AA - Ankara - Nur Gülsoy
Dans le cadre de l'enquête menée par le Parquet de Golbasi, quatre suspects ont été arrêtés, deux personnes ont été libérées et cinq autres ont été libérées sous contrôle judiciaire.
Au total, onze suspects avaient été interrogés mercredi par le juge de la Cour pénale de paix, Fahrettin Yildiz.
Le juge Yildiz a décidé de l'arrestation de quatre des suspects, dont l'ancien vice-président de la Présidence de la Communication et des Télécommunications (TIB), Osman Nihat Sen, et des employés de la TIB.

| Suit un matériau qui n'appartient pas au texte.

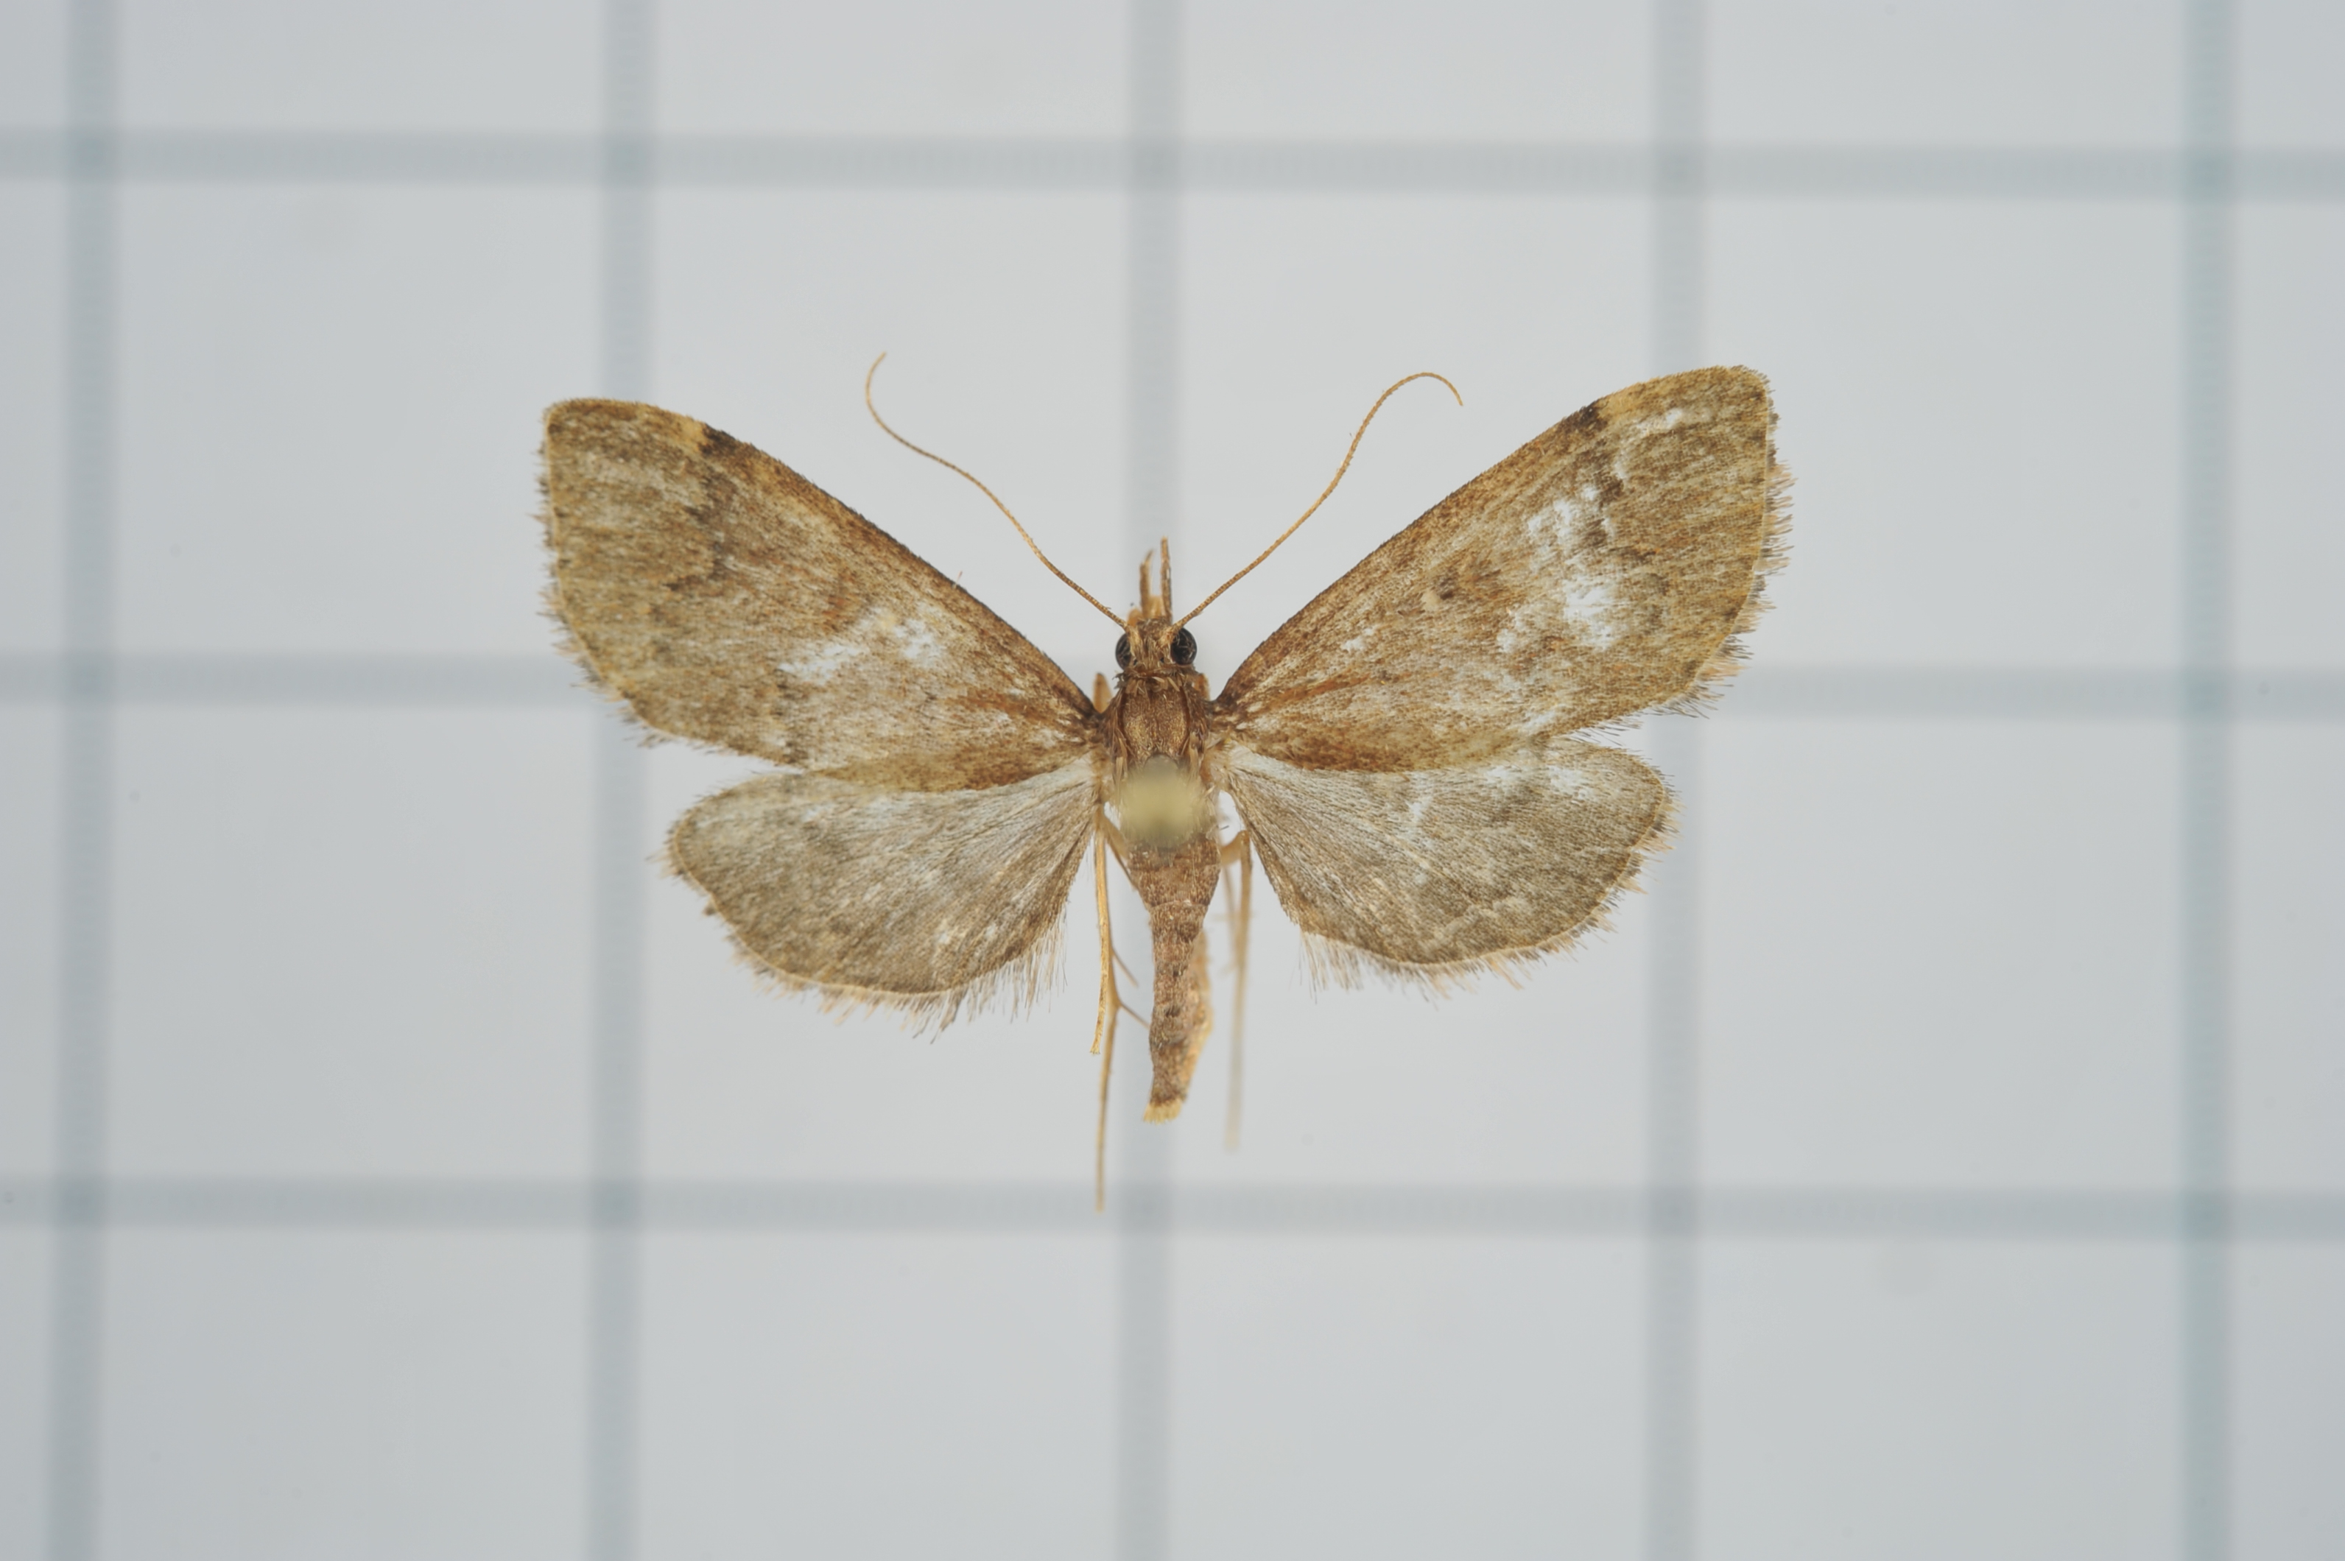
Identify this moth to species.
Camptomastix hisbonalis

Dans le cadre de l'enquête menée par le Parquet de Golbasi, 26 personnes avaient fait des allégations dans une affaire d'"espionnage", d'intention de "nuire à l'unité de l'Etat", et de "mise sur écoute illégale, de téléphones ordinaires et cryptés". Parmi ces témoins, 11 avaient été transférées devant la Cour pénale de paix avec demande d'arrestation.
Le Parquet de Golbasi a lancé, mardi, une nouvelle opération dans quatre villes dont la capitale Ankara, contre "l'organisation parallèle".
L'opération porte sur l'écoute illégale de plusieurs téléphones, notamment ceux cryptés du président Recep Tayyip Erdogan, du président de la Cour constitutionnelle Hasim Kilic, du Premier ministre Ahmet Davutoglu, du chef de l'Etat-major Necdet Ozel, du vice-Premier ministre Bulent Arinc et des membres du Conseil de sécurité nationale.
Un réseau d' "organisation parallèle" dirigé par le mouvement de Fethullah Gülen, personnalité religieuse en exil volontaire aux Etats-Unis, aurait infiltré l'Etat turc afin de renverser le gouvernement.
Des bureaucrates proches de ce mouvement auraient pris part dans la mise sur écoute illégale de plusieurs personnalités en Turquie, dont les téléphones protégés des hauts dirigeants de l'Etat. C'est ainsi que des allégations de corruption impliquant des ministres, auraient émergé en décembre 2013.
En outre, des représentants du gouvernement turc accusent certains procureurs et des employés de la police qui avaient mené l'enquête dans l'affaire de corruption du 17 et du 25 décembre 2013, d'être en relation avec l'organisation parallèle pour de tels buts d'espionnage.